GPS-Denied ISAC Vehicle Localization Based on mmWave Radar and Identification

Millimeter wave (mmWave) radar has become a widely adopted technology in vehicles and advanced driver assistance systems (ADAS). Meanwhile, as wireless communication progresses to higher frequencies, the role of the mmWave band has expanded, now supporting both sensing and 5G communication, which has given rise to integrated sensing and communication (ISAC). In this paper, we propose a novel mmWave ISAC vehicle localization system, which innovatively integrates emerging mmWave identification (MMID) technology into conventional automotive mmWave radar, enabling automotive radar to interact with roadside MMID tags, thereby achieving lane-level vehicle localization independent of the global positioning system (GPS).

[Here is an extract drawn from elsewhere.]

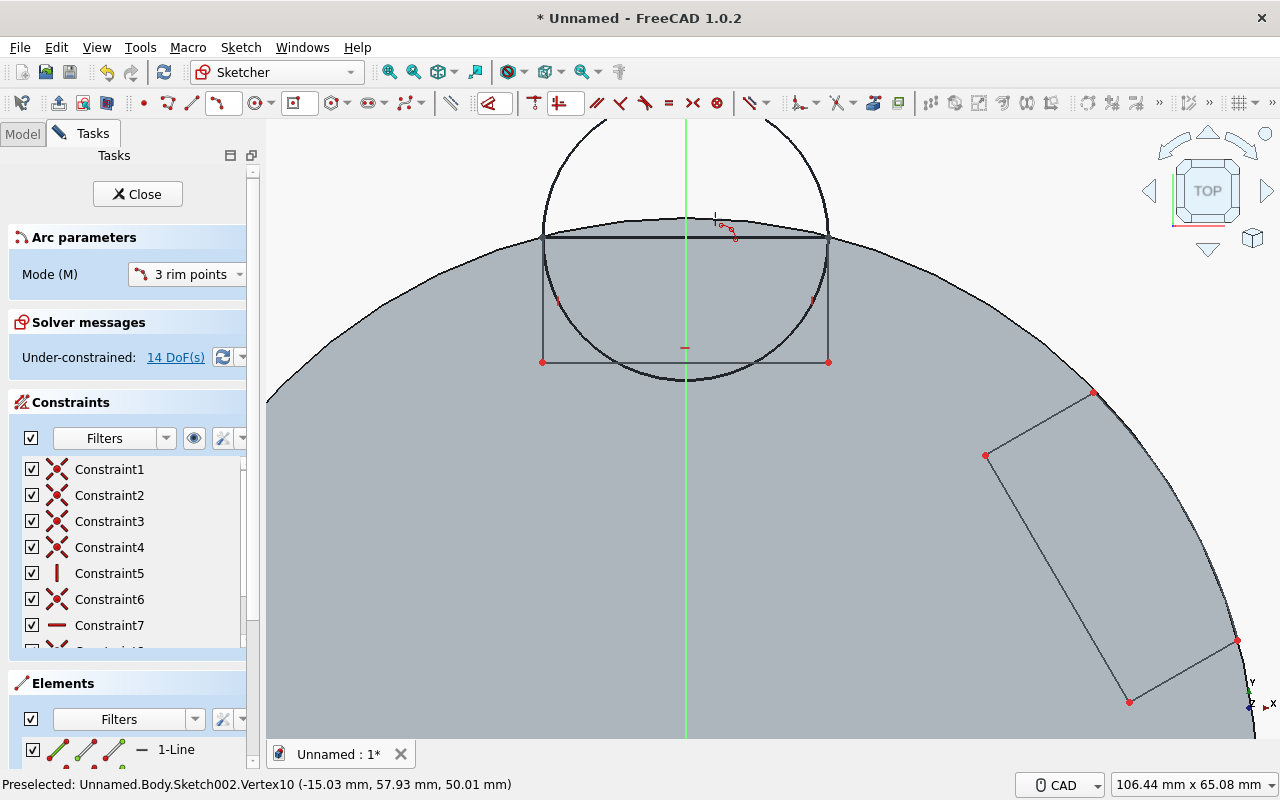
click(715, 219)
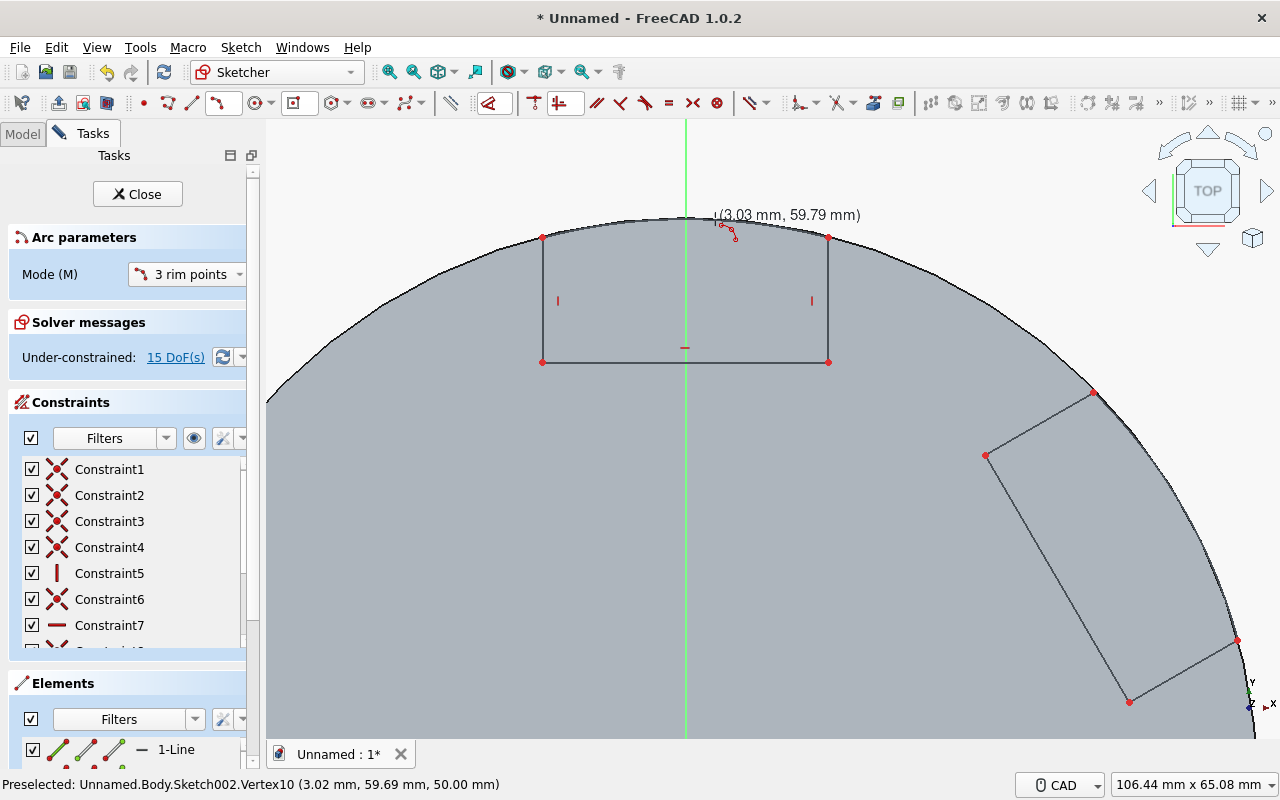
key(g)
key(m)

Unlike existing RFID-based vehicle localization solutions, the proposed solution is more practical for real-world deployment, as it eliminates the need to install additional large RFID antennas on vehicles. To achieve this, we first analyze the backscatter modulation characteristics of MMID tags and propose a novel frequency modulation strategy that lays the foundation for distinguishing signals from different tags within radar echoes that contain various tags and other objects. Subsequently, based on the distance, relative velocity, and azimuth of the tags, we perform static parameter estimation of the vehicle using the least squares (LS) algorithm. Finally, we construct a vehicle motion model and introduce a novel mutation particle filter (MPF) algorithm to estimate the dynamic motion state of the vehicle, ultimately achieving precise vehicle position tracking. The proposed system offers a practical solution for GPS-denied vehicle localization, aligning with the future vision of 6G-enabled intelligent transportation systems (ITS) and IoT-driven smart cities.